Una estupenda tarde de primavera y el emblemático Mercado de San Miguel, que cada día congrega a más gente, más que un museo, fue el escenario para presentar alguna de las nuevas variedades en pintxo pote de la firma Amaiketako, el aperitivo costumbre de las once vasco.

Una demostración, en vivo y en directo, en tres tiempos, para degustar y comprobar el arte, en pequeños bits, mordiscos, de esta joven y dinámica casa, pionera en posicionarse en este templo gastronómico, presencial y online, con varias propuestas al arrope de los vinos de Astobiza, pura artesanía en boca.

 La apertura corrió a cargo de un bonito, del norte, por supuesto, pescado en caña y en campaña (junio-septiembre) con mahonesa, huevo duro y perejil. Y un segundo bocadito de anchoa cántabra jardinera, muy de ellos, que se dejaba seducir por un sobrero de tomate, cebolleta y Aove.

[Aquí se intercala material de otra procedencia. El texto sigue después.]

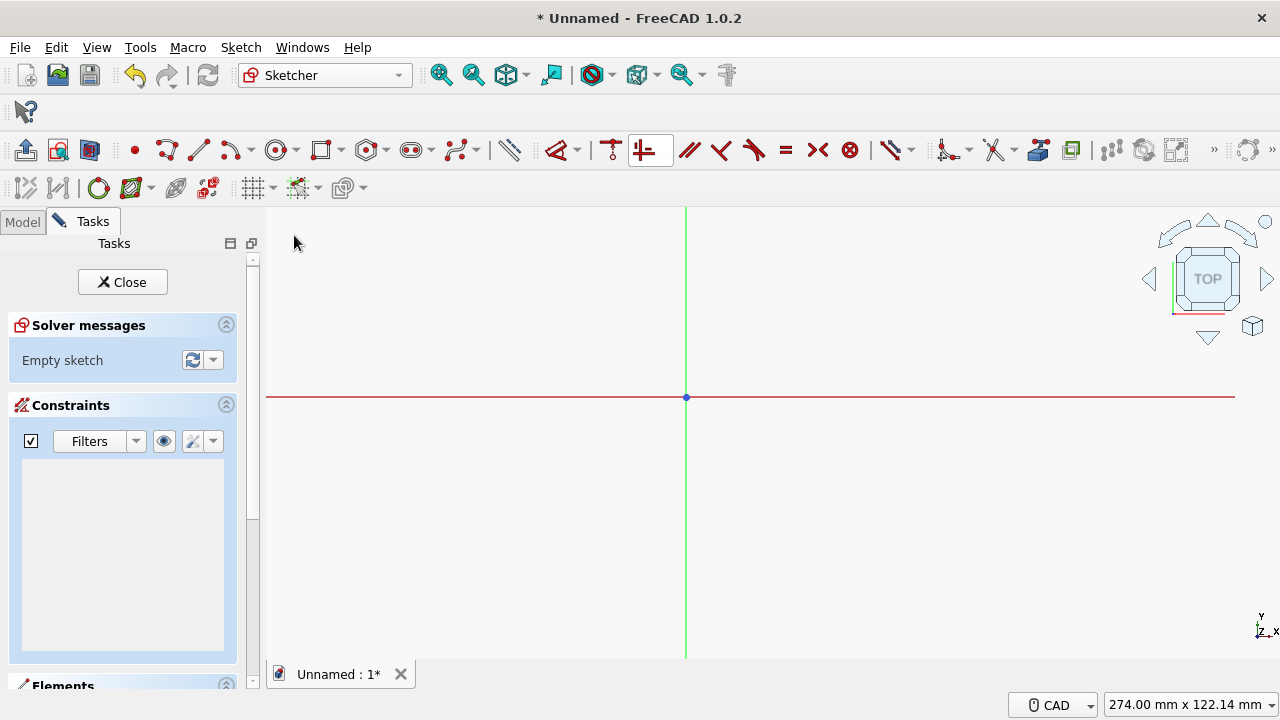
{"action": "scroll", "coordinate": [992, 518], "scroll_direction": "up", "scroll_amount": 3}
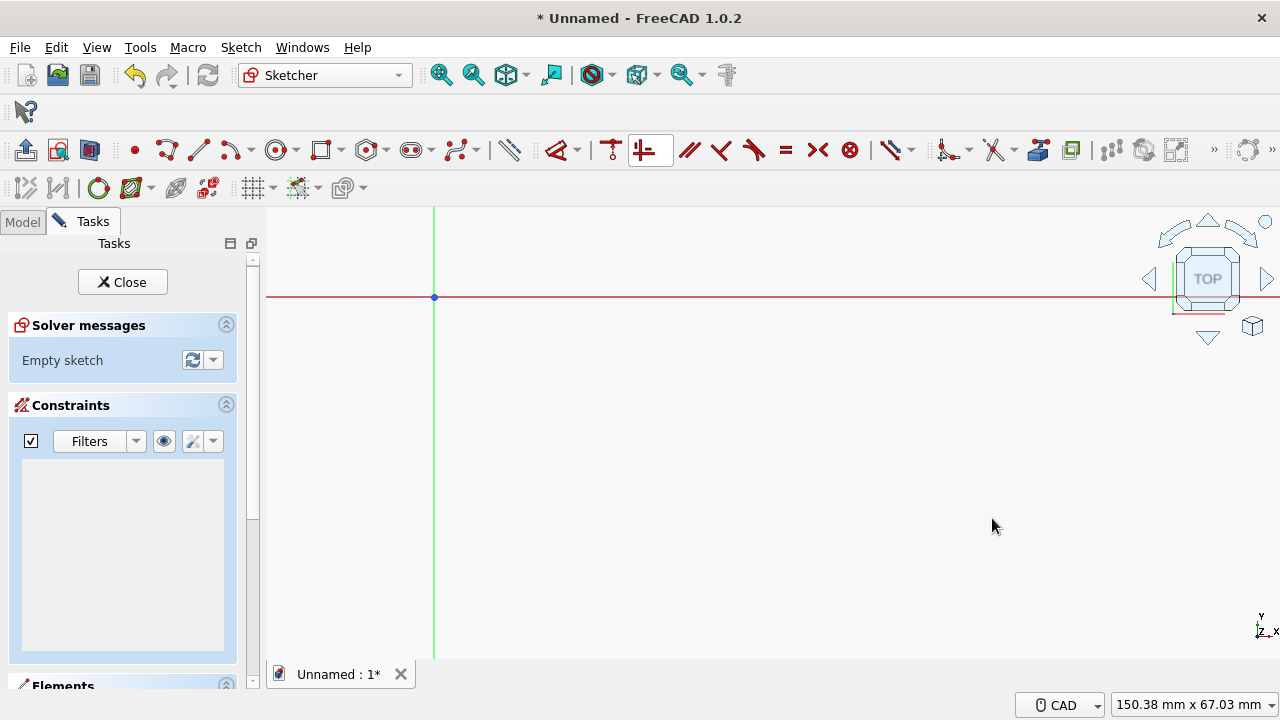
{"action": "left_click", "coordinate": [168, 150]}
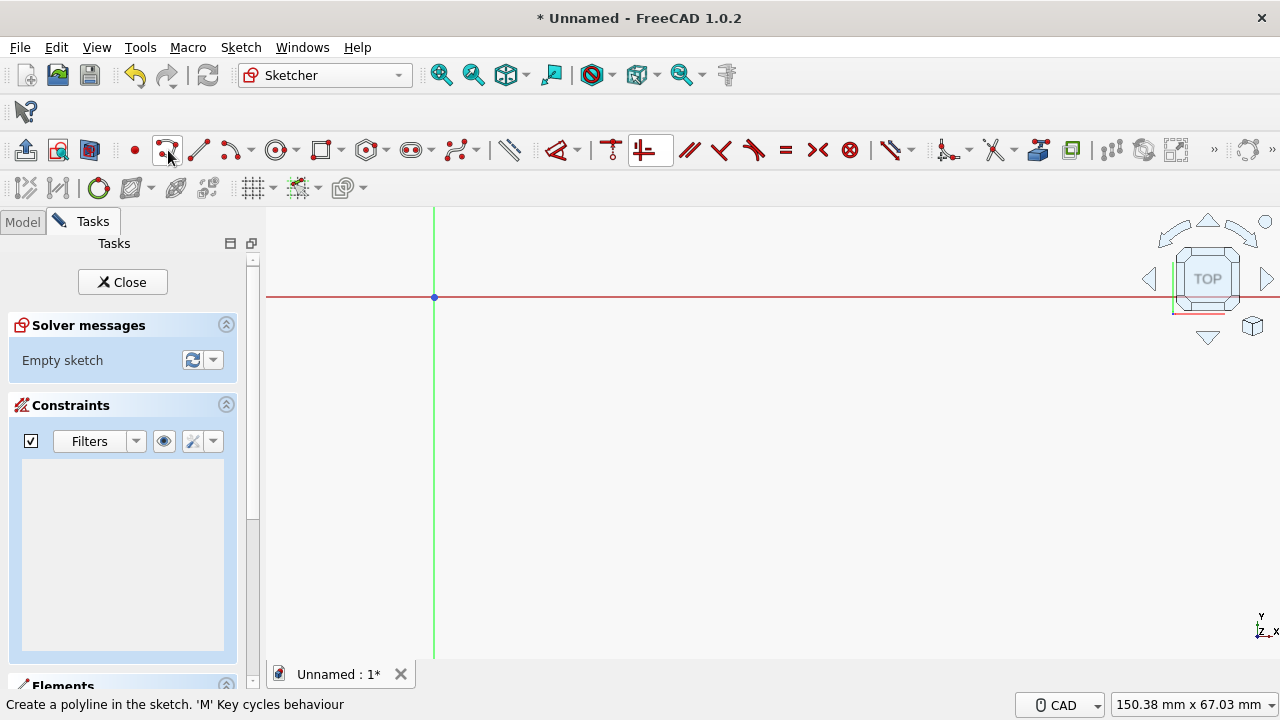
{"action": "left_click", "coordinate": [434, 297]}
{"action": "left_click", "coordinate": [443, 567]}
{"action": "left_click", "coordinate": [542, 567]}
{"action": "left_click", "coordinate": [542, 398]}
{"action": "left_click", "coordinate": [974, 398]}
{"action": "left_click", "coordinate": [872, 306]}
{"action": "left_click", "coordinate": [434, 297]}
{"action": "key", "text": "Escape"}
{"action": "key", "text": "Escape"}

 El tándem perfecto para combinar con un Astobiza 2018. Un vino atlántico, blanco fresco, de color dorado impecable, elegante con ese matiz que le aporta el clima seco, que le hace realmente único, quizás por su mimo, recolección manual, y pequeña producción. Los vinos de esta bodega se elaboran con “uva autóctona 100%”, de un solo viñedo, como enseñaba Carmen, su enóloga.  Vinos de Pago, o de Finca. Donde el ecosistema vitícola queda muy patente.

El show gastronómico continúo, a ojos de curiosos móvil en ristre, con una cascada de sensaciones propuesta a base de Piquillo, de Lodosa, sobran las palabras, con papada de cerdo ibérico. Se sale realmente. Y un compañero francés, la influencia y cercanía también se cuela en casa, y deja huella en estos miniplatos, de Pato confitado con suave moutarde y pimiento de Espelette. En esta ocasión bajo el paraguas de un Malkoa también Ondarrabi Zuri, monovarietal.  Un caldo de botella ancha que, junto a sus hermanos, como el Rosé de Ondarrabi beltza 50%, puede encontrarse en diferentes partes del globo debido a la excelente expansión internacional de la bodega. Australia, Tailandia, Japón, Canadá, México, Colombia o Uruguay…

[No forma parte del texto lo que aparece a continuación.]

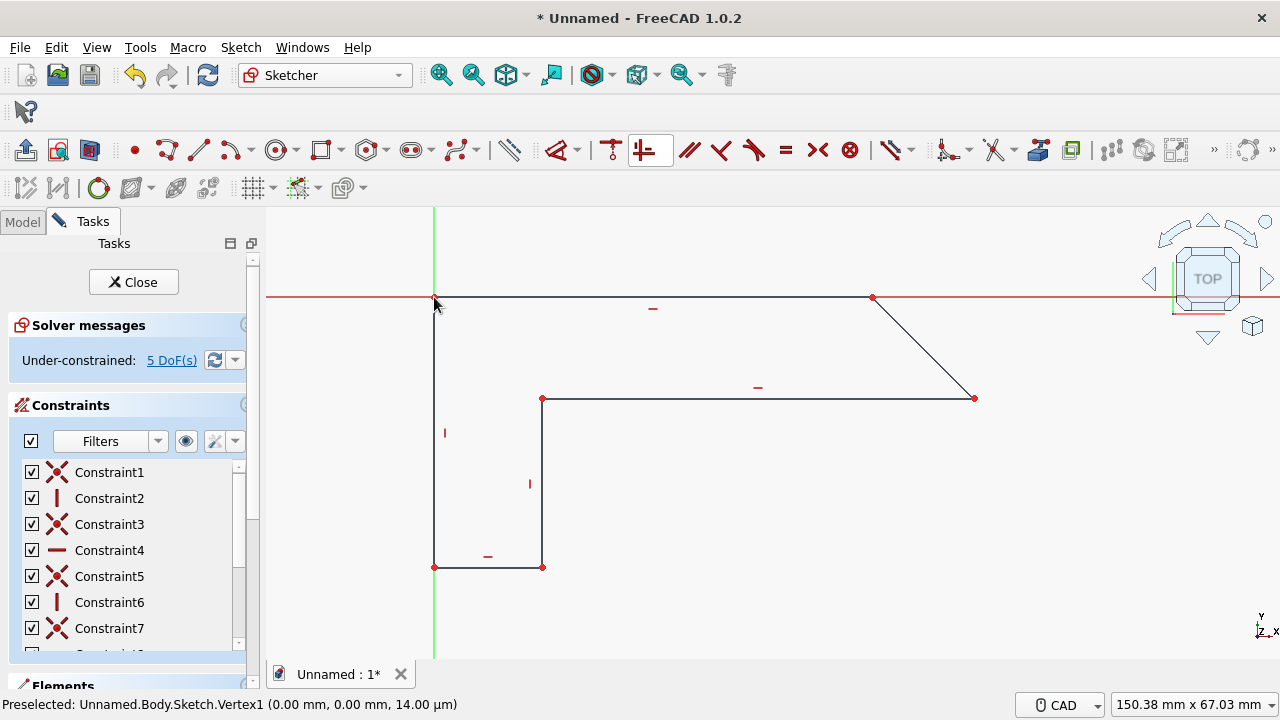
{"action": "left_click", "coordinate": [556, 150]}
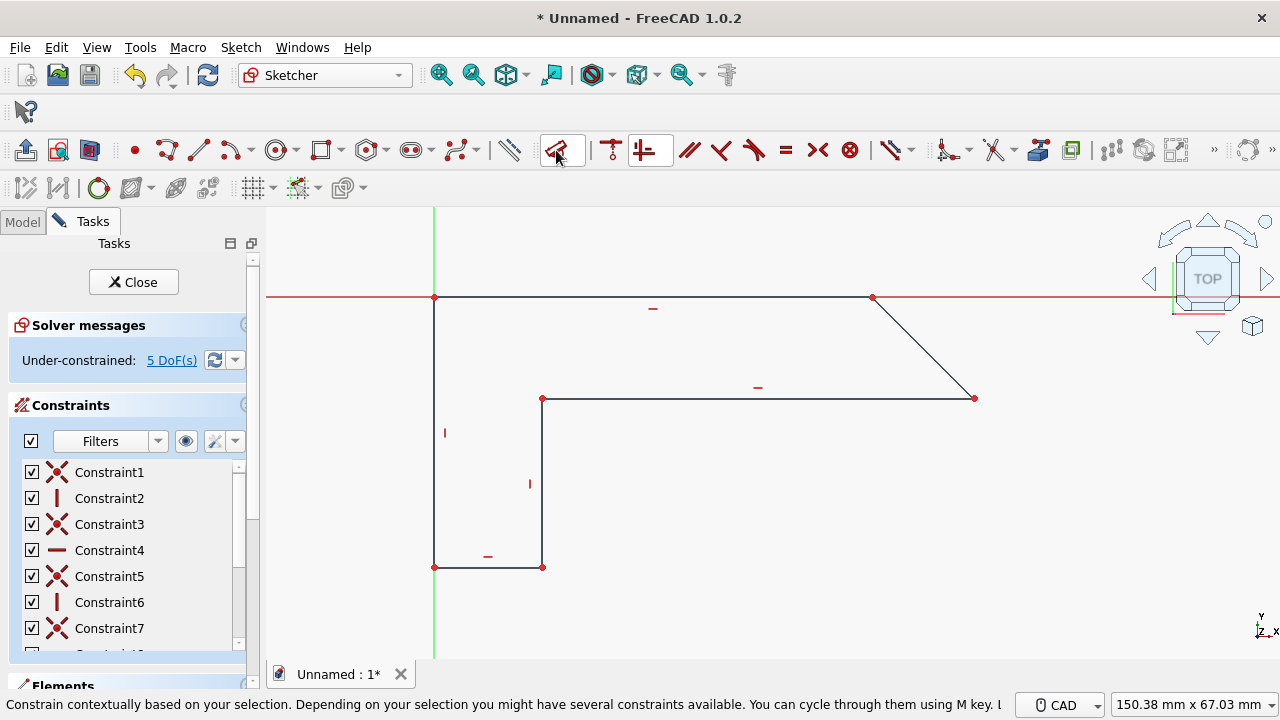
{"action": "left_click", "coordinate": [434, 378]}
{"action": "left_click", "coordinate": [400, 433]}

El final, redondo, estuvo a cargo de un Foie gras, entier, con pasta de trufa. Un exquisito y delicado entrante, ahora en carta junto a los tradicionales, que estuvo regado por un Astobiza Late Harvest vendimia tardía.  De variedad Izkiriota 100%.  Peculiar vino dulce de carácter atlántico, pura seda, que recuerda a los sauterns, para combinar con productos potentes y muy nuestros, como un buen Ibérico de bellota, un micui o un simple queso de cabra.

En definitiva, una gran apuesta, renovada y agradable para hacer un alto en el camino y, con calma, degustar esta tradición norteña, reunión social, que no solo marca el reloj al definirla.